Because Preston Ware was the first player to adopt the move and play it against the best players in the world at the time, and since there are other moves named “Ware,” I hereby name the move 3…Qe5+ the “American” opening.
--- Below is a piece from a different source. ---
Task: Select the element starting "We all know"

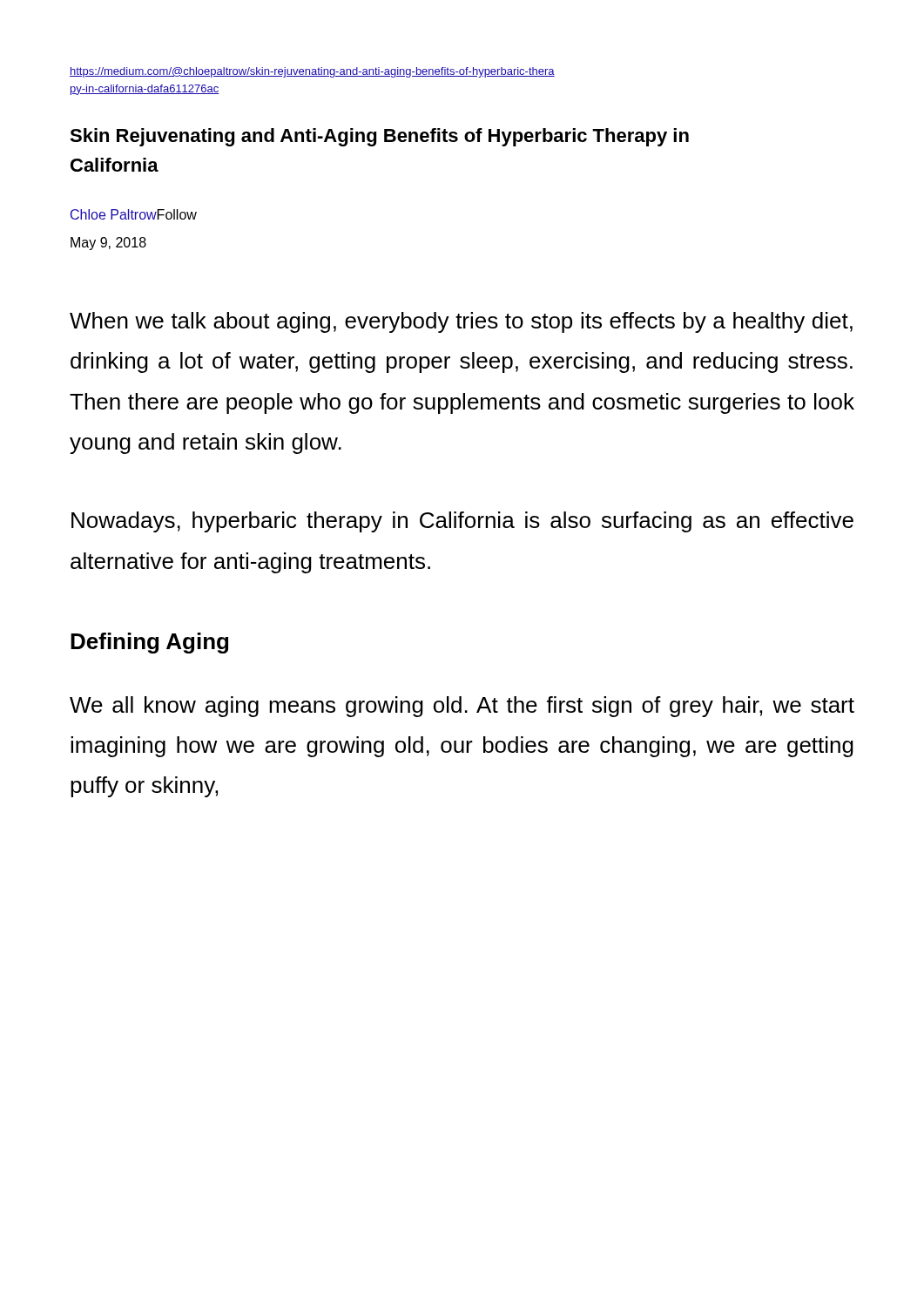Action: coord(462,745)

I would rather tell my friend I lost with the “American” than the “Patzer.” How about you?

Alexandre Drozdov has played 3…Qe5+ seven times, losing four while winning only three, but two of the wins were against a strong Grandmaster.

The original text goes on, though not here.